Vincent cried and cried and jumped right up on me and my boyfriend and was too scared to move. Poor love <3

He met a little 12 week old lab who was having her last injections... he wanted to go say hi to her straight away, although she was so scared of him! (he was half her size!)

He got a lot of attention from people though all wanting to say hi, I was so proud xD It confirms that cockapoos are the cutest doggies ever!

Just dreading the 12 week visit.... microchip time. The vet said if he didn't like the one today he was going to HATE the microchip one 

But anyways, I have a healthy puppy and I couldn't be happier!!


----------



## lady amanda (Nov 26, 2010)

did the vet give treats while the injection was going on??? 
Lady cried for only one injection and it was not the chipping one, so he could be fine....just make sure you keep calm, he will feed off of your energy, and bring lots of nummy treats to try and keep his mind off the little pinch.


----------



## Rufini (Sep 9, 2011)

we had brought treats ourselves so the vet didn't get any out. didn't help one bit


----------



## lady amanda (Nov 26, 2010)

Oh that is too bad, the only thing I can suggest is maybe making sure it is a super yummy treat that he has only ever had a few times...like a high reward treat. and maybe a little ice pack to numb the area prior to. 
some pups just like humans are more sensitive than others.


----------



## Jedicrazy (Apr 26, 2011)

Apparently Frankfurters are just the best!


----------



## Rufini (Sep 9, 2011)

he loves hot dogs but been using them as a reward in training.... and I think I over did it as he had a bad tum yesterday, and apparently killer farts today 

I think next time I might make some honey glazed ham for him (and maybe a bit for me too!!)

He got a super special dinner tonight though of a Wainrights pouch for puppies.... chicken, rice and veg.
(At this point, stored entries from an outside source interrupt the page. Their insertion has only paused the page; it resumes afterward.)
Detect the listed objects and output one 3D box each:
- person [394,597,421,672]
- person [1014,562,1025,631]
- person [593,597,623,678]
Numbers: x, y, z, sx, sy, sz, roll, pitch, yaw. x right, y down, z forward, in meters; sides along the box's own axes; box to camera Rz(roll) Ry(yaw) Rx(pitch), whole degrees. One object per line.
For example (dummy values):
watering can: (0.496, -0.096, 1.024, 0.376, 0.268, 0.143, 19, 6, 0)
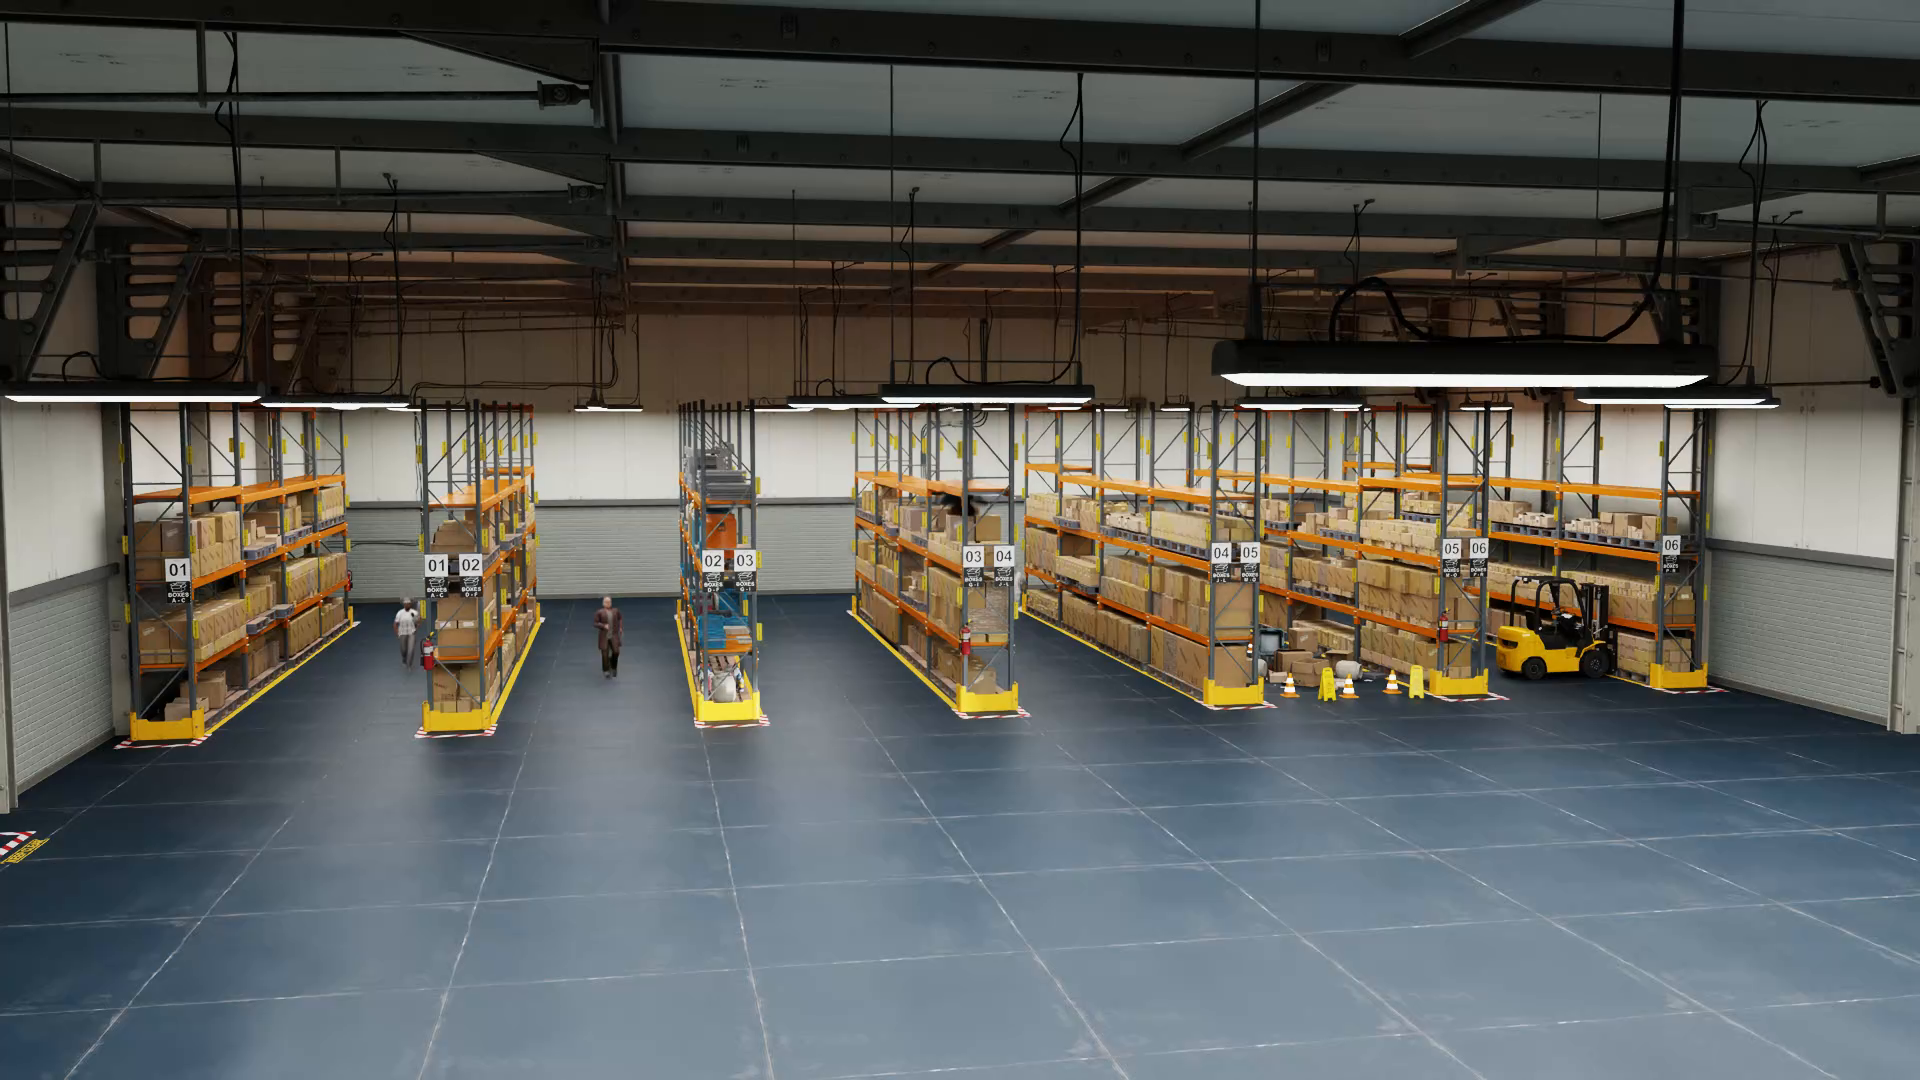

He LOVED it


----------



## lady amanda (Nov 26, 2010)

honey glazed ham might just do the trick!!!! and if not, just lots of cuddles afterwards.


----------



## Rufini (Sep 9, 2011)

Heehee yeah he definatly got the cuddles 
Today he seems fine, although pretty sleepy which the vet warned us could happen. We think he might have got a little bruise as last night he refused to let us stroke his back. He is a serious cry baby (but we love him for it!!)


----------



## Nadhak (Jun 4, 2011)

Ah Vincent - you are a match for Treacle she yelps and howls and screams the place down!
Its unusual for them to feel pain but I think some dogs just hate them!
The nurses are always surprised at how much she cries - but she obviously feels it bless her!
The micro chip will be hard for you to watch - might be best you leave him for the deed and then straight back to you for cuddles!
It takes two nurses to hold Treacle whilst number 3 tries to inject her!


----------



## Rufini (Sep 9, 2011)

Oh no!
I think Vincent didn't like the feeling - maybe it's uncomfortable. I hate needles too, whenever I have a blood test they tell me it'll be a pinch but it certainly doesn't feel that way!!!


----------



## clarelou (Sep 10, 2011)

Barney did exactly the same... howled, yelped, and climbed up my chest with a desperate look on his face. He refused the treats but I encouraged him to eat them as I wanted him to end it on a positive thought!!


----------